Collected material ▸
::::::::
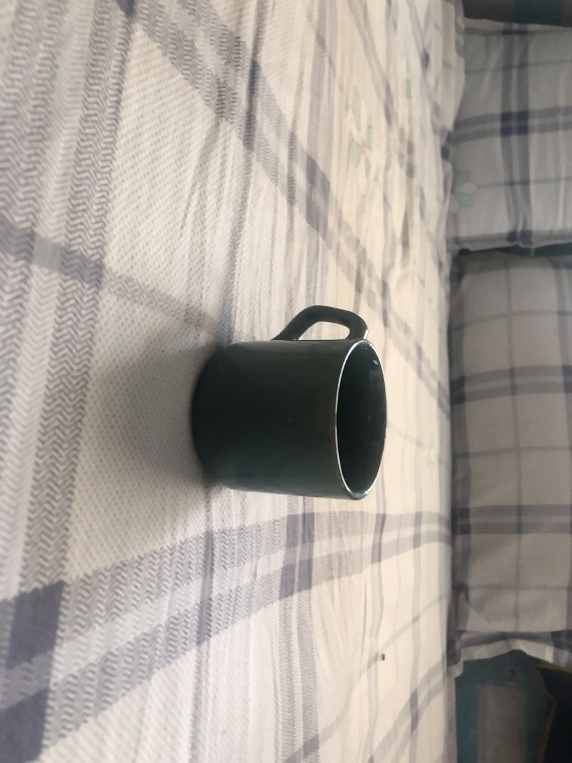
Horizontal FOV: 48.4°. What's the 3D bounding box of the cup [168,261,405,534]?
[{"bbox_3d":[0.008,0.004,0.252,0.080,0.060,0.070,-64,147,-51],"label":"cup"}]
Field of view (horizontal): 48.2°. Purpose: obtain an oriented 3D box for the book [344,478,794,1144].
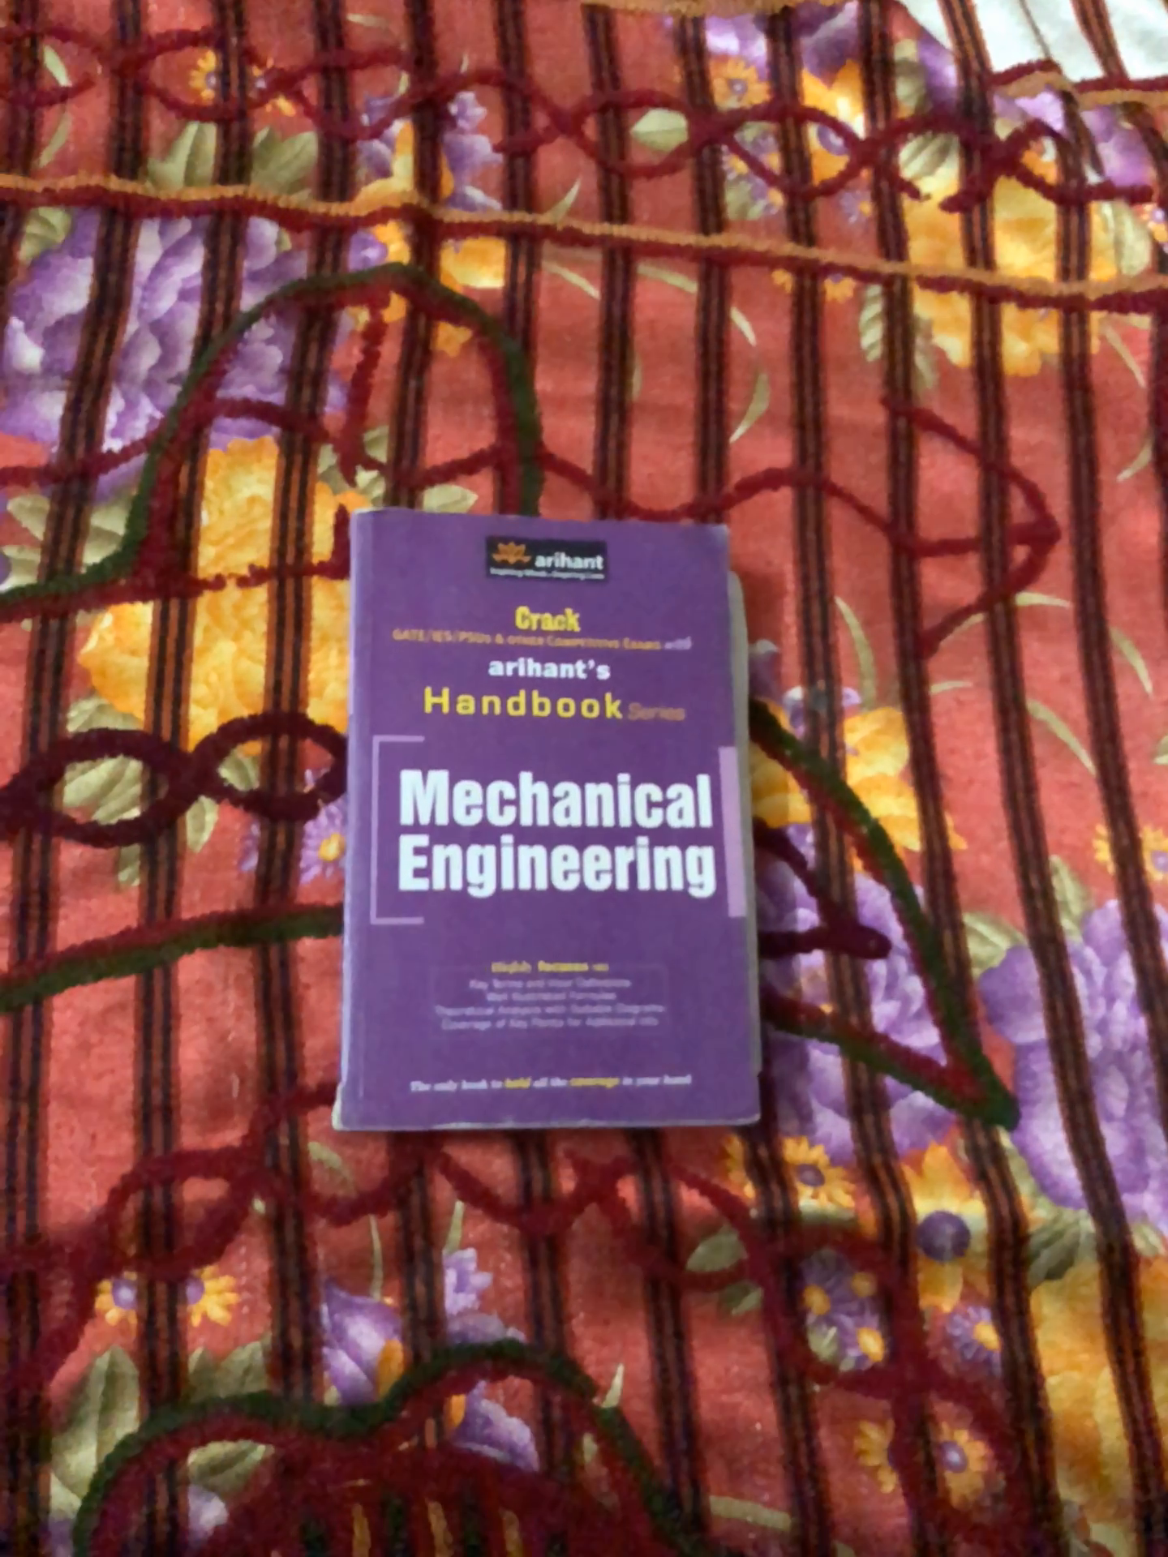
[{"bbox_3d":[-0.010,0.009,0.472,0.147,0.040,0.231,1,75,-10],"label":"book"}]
::::::::
What is expected ▸ The lines to be extracted begin at the line containing "Field of view" and continue through the final line of the material above, both ends included. Reproduce them exactly, without the pictures.

Written response ▸
Field of view (horizontal): 48.2°. Purpose: obtain an oriented 3D box for the book [344,478,794,1144].
[{"bbox_3d":[-0.010,0.009,0.472,0.147,0.040,0.231,1,75,-10],"label":"book"}]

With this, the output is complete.